__The task__.
When you restate the records, do so word for word and omit any picture they contain.

__Extracted data__.
.....

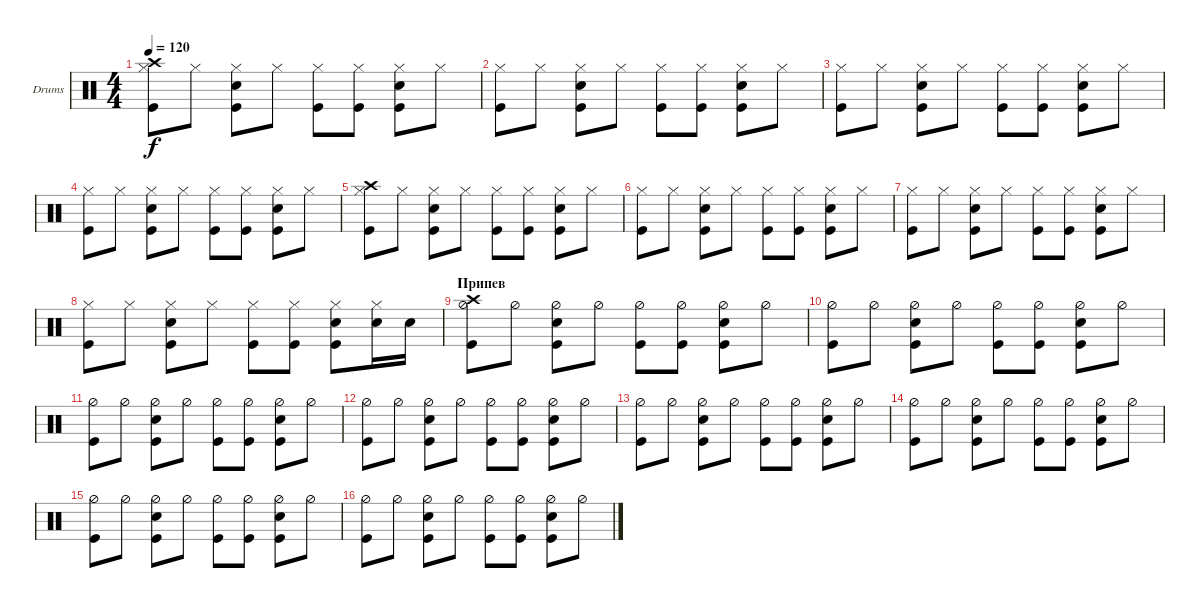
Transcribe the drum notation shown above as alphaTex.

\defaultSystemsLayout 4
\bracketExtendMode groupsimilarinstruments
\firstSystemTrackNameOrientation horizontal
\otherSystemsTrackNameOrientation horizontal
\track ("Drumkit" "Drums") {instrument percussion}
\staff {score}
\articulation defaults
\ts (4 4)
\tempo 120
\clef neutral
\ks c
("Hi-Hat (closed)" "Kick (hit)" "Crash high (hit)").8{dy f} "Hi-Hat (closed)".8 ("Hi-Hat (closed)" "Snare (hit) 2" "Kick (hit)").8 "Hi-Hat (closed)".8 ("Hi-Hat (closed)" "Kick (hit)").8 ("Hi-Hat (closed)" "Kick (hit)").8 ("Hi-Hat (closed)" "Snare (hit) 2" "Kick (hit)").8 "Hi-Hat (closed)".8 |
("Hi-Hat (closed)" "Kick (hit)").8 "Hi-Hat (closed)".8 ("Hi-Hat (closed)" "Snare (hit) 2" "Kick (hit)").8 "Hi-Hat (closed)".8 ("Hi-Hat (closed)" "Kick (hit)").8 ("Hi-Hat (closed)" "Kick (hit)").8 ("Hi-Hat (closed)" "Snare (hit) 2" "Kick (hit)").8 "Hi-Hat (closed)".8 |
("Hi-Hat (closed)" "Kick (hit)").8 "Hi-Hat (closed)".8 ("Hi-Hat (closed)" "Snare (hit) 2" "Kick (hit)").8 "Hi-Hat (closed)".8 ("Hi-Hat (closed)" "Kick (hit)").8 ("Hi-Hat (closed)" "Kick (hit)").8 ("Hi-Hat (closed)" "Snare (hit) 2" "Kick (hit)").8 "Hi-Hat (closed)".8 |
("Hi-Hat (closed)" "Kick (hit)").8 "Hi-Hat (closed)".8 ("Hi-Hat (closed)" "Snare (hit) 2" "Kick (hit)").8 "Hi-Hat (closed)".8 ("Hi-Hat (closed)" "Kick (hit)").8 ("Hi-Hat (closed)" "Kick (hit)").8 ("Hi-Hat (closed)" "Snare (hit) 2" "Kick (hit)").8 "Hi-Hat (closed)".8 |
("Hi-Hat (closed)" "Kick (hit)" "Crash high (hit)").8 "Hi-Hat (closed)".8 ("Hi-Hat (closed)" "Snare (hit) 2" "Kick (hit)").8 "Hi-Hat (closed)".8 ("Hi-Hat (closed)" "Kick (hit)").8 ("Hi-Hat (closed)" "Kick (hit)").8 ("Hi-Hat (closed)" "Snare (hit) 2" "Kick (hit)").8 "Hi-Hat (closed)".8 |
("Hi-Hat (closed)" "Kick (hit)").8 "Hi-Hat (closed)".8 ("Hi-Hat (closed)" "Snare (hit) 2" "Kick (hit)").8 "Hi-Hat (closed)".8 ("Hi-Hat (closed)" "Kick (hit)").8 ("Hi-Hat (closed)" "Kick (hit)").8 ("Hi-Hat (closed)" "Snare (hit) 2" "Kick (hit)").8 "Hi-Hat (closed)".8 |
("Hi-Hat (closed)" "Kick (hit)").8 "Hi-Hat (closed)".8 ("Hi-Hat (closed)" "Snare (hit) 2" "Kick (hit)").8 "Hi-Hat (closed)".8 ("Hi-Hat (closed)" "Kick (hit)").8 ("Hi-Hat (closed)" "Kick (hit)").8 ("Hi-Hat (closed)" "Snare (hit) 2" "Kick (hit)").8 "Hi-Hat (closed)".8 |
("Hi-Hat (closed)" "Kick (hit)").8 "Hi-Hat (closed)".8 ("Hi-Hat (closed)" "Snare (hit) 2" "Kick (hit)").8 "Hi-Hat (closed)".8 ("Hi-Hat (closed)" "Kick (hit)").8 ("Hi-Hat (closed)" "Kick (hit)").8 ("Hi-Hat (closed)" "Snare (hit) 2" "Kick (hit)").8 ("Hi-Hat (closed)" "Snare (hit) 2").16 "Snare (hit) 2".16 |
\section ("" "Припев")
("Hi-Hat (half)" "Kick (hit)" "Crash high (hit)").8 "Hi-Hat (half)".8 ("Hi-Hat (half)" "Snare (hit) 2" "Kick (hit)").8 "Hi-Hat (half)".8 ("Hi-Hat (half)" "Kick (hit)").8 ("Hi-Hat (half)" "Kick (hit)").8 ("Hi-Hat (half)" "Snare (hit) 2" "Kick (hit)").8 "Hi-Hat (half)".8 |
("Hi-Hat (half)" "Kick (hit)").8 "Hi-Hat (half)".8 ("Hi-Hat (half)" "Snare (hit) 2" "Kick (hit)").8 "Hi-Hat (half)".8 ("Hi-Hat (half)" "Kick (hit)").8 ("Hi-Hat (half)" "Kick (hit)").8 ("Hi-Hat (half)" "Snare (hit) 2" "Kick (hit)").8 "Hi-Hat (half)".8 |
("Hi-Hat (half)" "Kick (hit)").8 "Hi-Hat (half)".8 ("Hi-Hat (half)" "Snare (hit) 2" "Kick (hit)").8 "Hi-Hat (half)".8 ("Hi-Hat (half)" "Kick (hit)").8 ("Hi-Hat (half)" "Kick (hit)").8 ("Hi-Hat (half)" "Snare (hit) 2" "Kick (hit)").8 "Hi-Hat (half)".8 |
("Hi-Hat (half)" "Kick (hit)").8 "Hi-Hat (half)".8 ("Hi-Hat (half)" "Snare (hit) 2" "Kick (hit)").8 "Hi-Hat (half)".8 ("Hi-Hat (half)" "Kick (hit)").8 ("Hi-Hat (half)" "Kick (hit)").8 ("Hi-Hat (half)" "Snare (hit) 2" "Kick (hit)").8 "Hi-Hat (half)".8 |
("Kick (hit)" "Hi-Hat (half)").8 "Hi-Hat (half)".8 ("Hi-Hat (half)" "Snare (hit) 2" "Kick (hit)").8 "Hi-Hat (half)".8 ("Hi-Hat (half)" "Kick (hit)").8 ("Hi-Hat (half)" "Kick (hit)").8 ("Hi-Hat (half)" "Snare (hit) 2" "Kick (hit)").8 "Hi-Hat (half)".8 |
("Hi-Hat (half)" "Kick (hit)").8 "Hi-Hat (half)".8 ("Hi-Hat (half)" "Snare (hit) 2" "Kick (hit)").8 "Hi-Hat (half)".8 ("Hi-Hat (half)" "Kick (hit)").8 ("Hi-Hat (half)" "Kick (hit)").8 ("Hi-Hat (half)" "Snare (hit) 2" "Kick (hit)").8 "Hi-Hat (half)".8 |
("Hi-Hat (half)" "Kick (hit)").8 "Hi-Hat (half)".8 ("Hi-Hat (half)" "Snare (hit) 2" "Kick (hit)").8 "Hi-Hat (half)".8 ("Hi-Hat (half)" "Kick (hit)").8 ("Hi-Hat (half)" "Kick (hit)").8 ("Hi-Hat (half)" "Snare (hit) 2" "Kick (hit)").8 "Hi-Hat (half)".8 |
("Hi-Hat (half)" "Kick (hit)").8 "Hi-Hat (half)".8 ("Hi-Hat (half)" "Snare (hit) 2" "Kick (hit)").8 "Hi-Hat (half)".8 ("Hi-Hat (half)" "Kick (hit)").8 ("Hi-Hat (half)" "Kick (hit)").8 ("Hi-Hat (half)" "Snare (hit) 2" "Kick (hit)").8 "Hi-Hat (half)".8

.....

__Exercise output__.
Transcribe the drum notation shown above as alphaTex.

\defaultSystemsLayout 4
\bracketExtendMode groupsimilarinstruments
\firstSystemTrackNameOrientation horizontal
\otherSystemsTrackNameOrientation horizontal
\track ("Drumkit" "Drums") {instrument percussion}
\staff {score}
\articulation defaults
\ts (4 4)
\tempo 120
\clef neutral
\ks c
("Hi-Hat (closed)" "Kick (hit)" "Crash high (hit)").8{dy f} "Hi-Hat (closed)".8 ("Hi-Hat (closed)" "Snare (hit) 2" "Kick (hit)").8 "Hi-Hat (closed)".8 ("Hi-Hat (closed)" "Kick (hit)").8 ("Hi-Hat (closed)" "Kick (hit)").8 ("Hi-Hat (closed)" "Snare (hit) 2" "Kick (hit)").8 "Hi-Hat (closed)".8 |
("Hi-Hat (closed)" "Kick (hit)").8 "Hi-Hat (closed)".8 ("Hi-Hat (closed)" "Snare (hit) 2" "Kick (hit)").8 "Hi-Hat (closed)".8 ("Hi-Hat (closed)" "Kick (hit)").8 ("Hi-Hat (closed)" "Kick (hit)").8 ("Hi-Hat (closed)" "Snare (hit) 2" "Kick (hit)").8 "Hi-Hat (closed)".8 |
("Hi-Hat (closed)" "Kick (hit)").8 "Hi-Hat (closed)".8 ("Hi-Hat (closed)" "Snare (hit) 2" "Kick (hit)").8 "Hi-Hat (closed)".8 ("Hi-Hat (closed)" "Kick (hit)").8 ("Hi-Hat (closed)" "Kick (hit)").8 ("Hi-Hat (closed)" "Snare (hit) 2" "Kick (hit)").8 "Hi-Hat (closed)".8 |
("Hi-Hat (closed)" "Kick (hit)").8 "Hi-Hat (closed)".8 ("Hi-Hat (closed)" "Snare (hit) 2" "Kick (hit)").8 "Hi-Hat (closed)".8 ("Hi-Hat (closed)" "Kick (hit)").8 ("Hi-Hat (closed)" "Kick (hit)").8 ("Hi-Hat (closed)" "Snare (hit) 2" "Kick (hit)").8 "Hi-Hat (closed)".8 |
("Hi-Hat (closed)" "Kick (hit)" "Crash high (hit)").8 "Hi-Hat (closed)".8 ("Hi-Hat (closed)" "Snare (hit) 2" "Kick (hit)").8 "Hi-Hat (closed)".8 ("Hi-Hat (closed)" "Kick (hit)").8 ("Hi-Hat (closed)" "Kick (hit)").8 ("Hi-Hat (closed)" "Snare (hit) 2" "Kick (hit)").8 "Hi-Hat (closed)".8 |
("Hi-Hat (closed)" "Kick (hit)").8 "Hi-Hat (closed)".8 ("Hi-Hat (closed)" "Snare (hit) 2" "Kick (hit)").8 "Hi-Hat (closed)".8 ("Hi-Hat (closed)" "Kick (hit)").8 ("Hi-Hat (closed)" "Kick (hit)").8 ("Hi-Hat (closed)" "Snare (hit) 2" "Kick (hit)").8 "Hi-Hat (closed)".8 |
("Hi-Hat (closed)" "Kick (hit)").8 "Hi-Hat (closed)".8 ("Hi-Hat (closed)" "Snare (hit) 2" "Kick (hit)").8 "Hi-Hat (closed)".8 ("Hi-Hat (closed)" "Kick (hit)").8 ("Hi-Hat (closed)" "Kick (hit)").8 ("Hi-Hat (closed)" "Snare (hit) 2" "Kick (hit)").8 "Hi-Hat (closed)".8 |
("Hi-Hat (closed)" "Kick (hit)").8 "Hi-Hat (closed)".8 ("Hi-Hat (closed)" "Snare (hit) 2" "Kick (hit)").8 "Hi-Hat (closed)".8 ("Hi-Hat (closed)" "Kick (hit)").8 ("Hi-Hat (closed)" "Kick (hit)").8 ("Hi-Hat (closed)" "Snare (hit) 2" "Kick (hit)").8 ("Hi-Hat (closed)" "Snare (hit) 2").16 "Snare (hit) 2".16 |
\section ("" "Припев")
("Hi-Hat (half)" "Kick (hit)" "Crash high (hit)").8 "Hi-Hat (half)".8 ("Hi-Hat (half)" "Snare (hit) 2" "Kick (hit)").8 "Hi-Hat (half)".8 ("Hi-Hat (half)" "Kick (hit)").8 ("Hi-Hat (half)" "Kick (hit)").8 ("Hi-Hat (half)" "Snare (hit) 2" "Kick (hit)").8 "Hi-Hat (half)".8 |
("Hi-Hat (half)" "Kick (hit)").8 "Hi-Hat (half)".8 ("Hi-Hat (half)" "Snare (hit) 2" "Kick (hit)").8 "Hi-Hat (half)".8 ("Hi-Hat (half)" "Kick (hit)").8 ("Hi-Hat (half)" "Kick (hit)").8 ("Hi-Hat (half)" "Snare (hit) 2" "Kick (hit)").8 "Hi-Hat (half)".8 |
("Hi-Hat (half)" "Kick (hit)").8 "Hi-Hat (half)".8 ("Hi-Hat (half)" "Snare (hit) 2" "Kick (hit)").8 "Hi-Hat (half)".8 ("Hi-Hat (half)" "Kick (hit)").8 ("Hi-Hat (half)" "Kick (hit)").8 ("Hi-Hat (half)" "Snare (hit) 2" "Kick (hit)").8 "Hi-Hat (half)".8 |
("Hi-Hat (half)" "Kick (hit)").8 "Hi-Hat (half)".8 ("Hi-Hat (half)" "Snare (hit) 2" "Kick (hit)").8 "Hi-Hat (half)".8 ("Hi-Hat (half)" "Kick (hit)").8 ("Hi-Hat (half)" "Kick (hit)").8 ("Hi-Hat (half)" "Snare (hit) 2" "Kick (hit)").8 "Hi-Hat (half)".8 |
("Kick (hit)" "Hi-Hat (half)").8 "Hi-Hat (half)".8 ("Hi-Hat (half)" "Snare (hit) 2" "Kick (hit)").8 "Hi-Hat (half)".8 ("Hi-Hat (half)" "Kick (hit)").8 ("Hi-Hat (half)" "Kick (hit)").8 ("Hi-Hat (half)" "Snare (hit) 2" "Kick (hit)").8 "Hi-Hat (half)".8 |
("Hi-Hat (half)" "Kick (hit)").8 "Hi-Hat (half)".8 ("Hi-Hat (half)" "Snare (hit) 2" "Kick (hit)").8 "Hi-Hat (half)".8 ("Hi-Hat (half)" "Kick (hit)").8 ("Hi-Hat (half)" "Kick (hit)").8 ("Hi-Hat (half)" "Snare (hit) 2" "Kick (hit)").8 "Hi-Hat (half)".8 |
("Hi-Hat (half)" "Kick (hit)").8 "Hi-Hat (half)".8 ("Hi-Hat (half)" "Snare (hit) 2" "Kick (hit)").8 "Hi-Hat (half)".8 ("Hi-Hat (half)" "Kick (hit)").8 ("Hi-Hat (half)" "Kick (hit)").8 ("Hi-Hat (half)" "Snare (hit) 2" "Kick (hit)").8 "Hi-Hat (half)".8 |
("Hi-Hat (half)" "Kick (hit)").8 "Hi-Hat (half)".8 ("Hi-Hat (half)" "Snare (hit) 2" "Kick (hit)").8 "Hi-Hat (half)".8 ("Hi-Hat (half)" "Kick (hit)").8 ("Hi-Hat (half)" "Kick (hit)").8 ("Hi-Hat (half)" "Snare (hit) 2" "Kick (hit)").8 "Hi-Hat (half)".8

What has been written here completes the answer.